Extracted data entries:
---+---

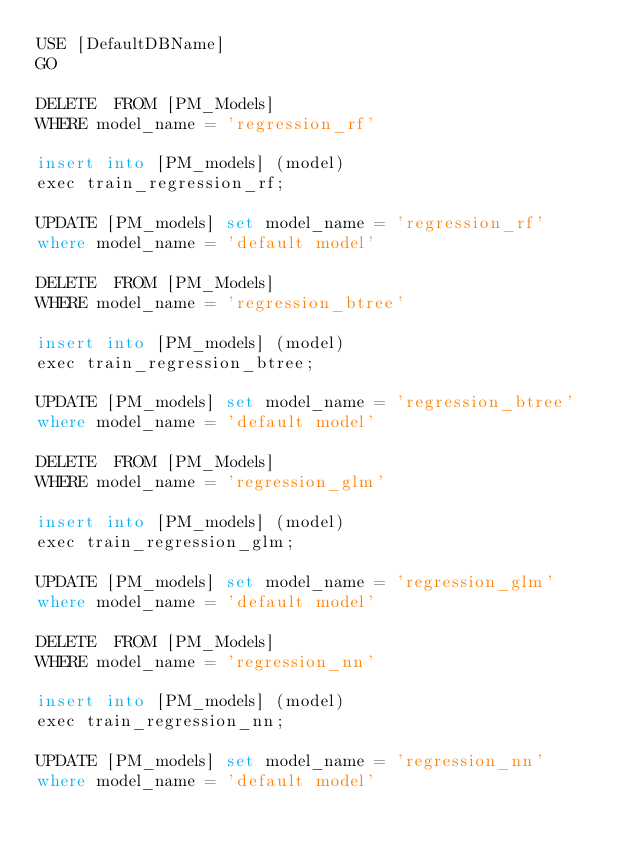Convert code to text. <code><loc_0><loc_0><loc_500><loc_500><_SQL_>USE [DefaultDBName]
GO

DELETE  FROM [PM_Models]
WHERE model_name = 'regression_rf'

insert into [PM_models] (model)
exec train_regression_rf;

UPDATE [PM_models] set model_name = 'regression_rf' 
where model_name = 'default model'

DELETE  FROM [PM_Models]
WHERE model_name = 'regression_btree'

insert into [PM_models] (model)
exec train_regression_btree;

UPDATE [PM_models] set model_name = 'regression_btree' 
where model_name = 'default model'

DELETE  FROM [PM_Models]
WHERE model_name = 'regression_glm'

insert into [PM_models] (model)
exec train_regression_glm;

UPDATE [PM_models] set model_name = 'regression_glm' 
where model_name = 'default model'

DELETE  FROM [PM_Models]
WHERE model_name = 'regression_nn'

insert into [PM_models] (model)
exec train_regression_nn;

UPDATE [PM_models] set model_name = 'regression_nn' 
where model_name = 'default model'
</code>

---+---

Please report only the count of lines in the entries above where the word "UPDATE" appears.

- [Expected output]:
4